Le fait que certaines émissions obligataires soient aujourd’hui sursouscrites jusqu’à dix fois illustre à quel point le sentiment de marché s’est retourné. Après plus d’une décennie de taux proches de zéro, les obligations en zone euro offrent de nouveau des rendements, autour de 3 % à 4 % pour le crédit investment grade début 2026. Les flux reviennent donc rapidement. Pour Gaëlle Malléjac, CIO d’Ostrum Asset Management, il s’agit de bien plus qu’un simple ajustement tactique.
Dans un entretien avec Investment Officer, Gaëlle Malléjac souligne que les spreads actuels peuvent sembler historiquement faibles, du moins sur le papier, mais que cette lecture est trompeuse. Les facteurs techniques jouent un rôle déterminant dans l’environnement actuel. Lorsqu’une émission attire une demande largement supérieure à l’offre, les investisseurs non servis se repositionnent immédiatement sur les opérations suivantes, créant un effet d’entraînement qui entretient la compression des spreads. « Ces facteurs techniques sont très puissants », insiste le CIO.
Le phénomène est renforcé par un niveau d’épargne toujours élevé en zone euro, pouvant atteindre 15 % du revenu disponible, selon Eurostat. Ces capitaux continuent de se diriger vers les marchés obligataires, alimentant une pression acheteuse persistante.
Mais cet effet boule de neige n’est pas sans conséquence pour les investisseurs. La sursouscription massive et le repositionnement quasi automatique sur les émissions suivantes tendent à comprimer les spreads indépendamment du risque fondamental. À court terme, cela soutient la performance, mais cela réduit aussi les marges de sécurité. Le risque est moins celui d’une dégradation immédiate du crédit que celui d’un ajustement plus brutal si les flux venaient à ralentir. Dans un marché largement porté par la liquidité, les prix peuvent ainsi s’écarter temporairement des fondamentaux, rendant les phases de correction potentiellement plus rapides.
Des marchés dominés par les flux
Cette domination des flux marque une rupture avec les cycles précédents, où les spreads reflétaient plus directement les fondamentaux économiques et la qualité des émetteurs.
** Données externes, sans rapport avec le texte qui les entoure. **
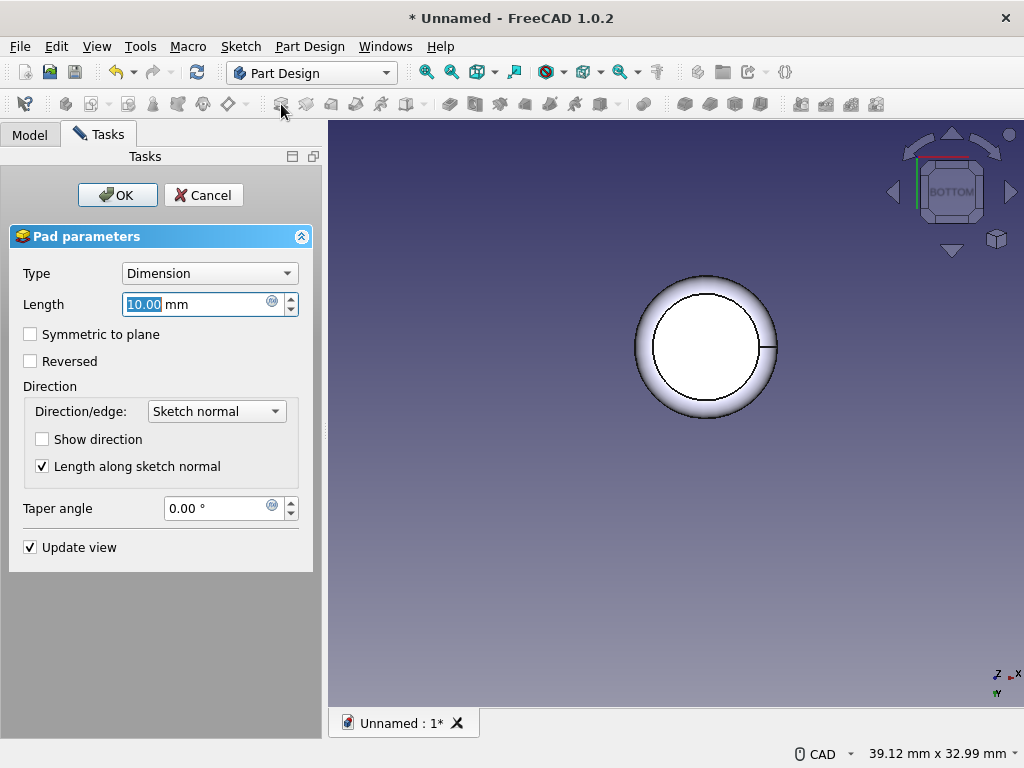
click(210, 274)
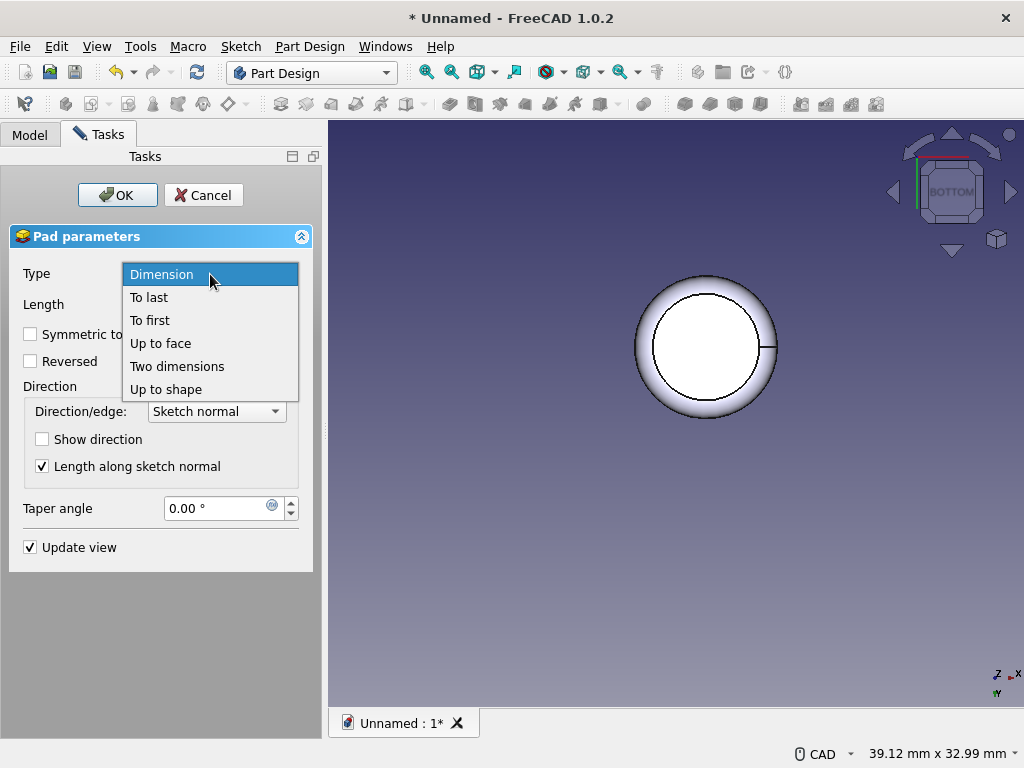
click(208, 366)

L’évaluation du risque devient aujourd’hui plus complexe, car elle doit intégrer à la fois les fondamentaux et la dynamique de marché. Pour les investisseurs, cela implique d’adapter les grilles d’analyse et d’accepter une plus grande incertitude dans l’interprétation des signaux.
Le changement est également visible dans les portefeuilles. Avec la remontée des taux, les investisseurs allongent la duration de leurs portefeuilles obligataires afin de capter des rendements redevenus attractifs. Là où les obligations servaient auparavant à compenser un manque de rendement, il s’agit désormais de tirer parti d’un portage à nouveau lisible. Ce mouvement est particulièrement marqué chez les assureurs, observe Gaëlle Malléjac. Pour eux, les obligations représentent traditionnellement entre 50 % et 70 % des portefeuilles, un poids qui avait été réduit pendant la période de taux bas, les contraignant à se tourner vers des actifs plus risqués ou moins liquides. Avec le retour de rendements positifs, les investisseurs réallouent progressivement leurs encours vers le crédit, sans pour autant retrouver immédiatement ces niveaux historiques.
Le crédit retrouve un rôle structurant dans les portefeuilles
Selon Gaëlle Malléjac, cette période a entraîné des décalages entre actifs et passifs. Avec le retour de rendements obligataires positifs, le crédit peut à nouveau occuper une place centrale, plutôt que de jouer un rôle par défaut. Cette réallocation répond aussi à une logique de gestion du passif : la remontée des taux permet de reconstruire des portefeuilles obligataires plus cohérents avec les engagements de long terme.
Cela ne signifie pas pour autant un retour aux approches traditionnelles. « Nous ne pouvons plus gérer objectif par objectif, ni classe d’actifs par classe d’actifs », rappelle-t-elle. La construction de portefeuille évolue en effet vers une approche plus intégrée, dans laquelle les décisions sont prises à l’échelle du portefeuille global. Les investisseurs raisonnent moins en silos par classe d’actifs et davantage en arbitrant entre rendement, risque et liquidité.
Le retour des obligations redonne de la visibilité sur le rendement, mais impose également une analyse plus fine de sa robustesse dans un marché largement soutenu par les flux. Pour Gaëlle Malléjac, ce basculement est durable : le crédit redevient un point d’ancrage dans un environnement plus exigeant.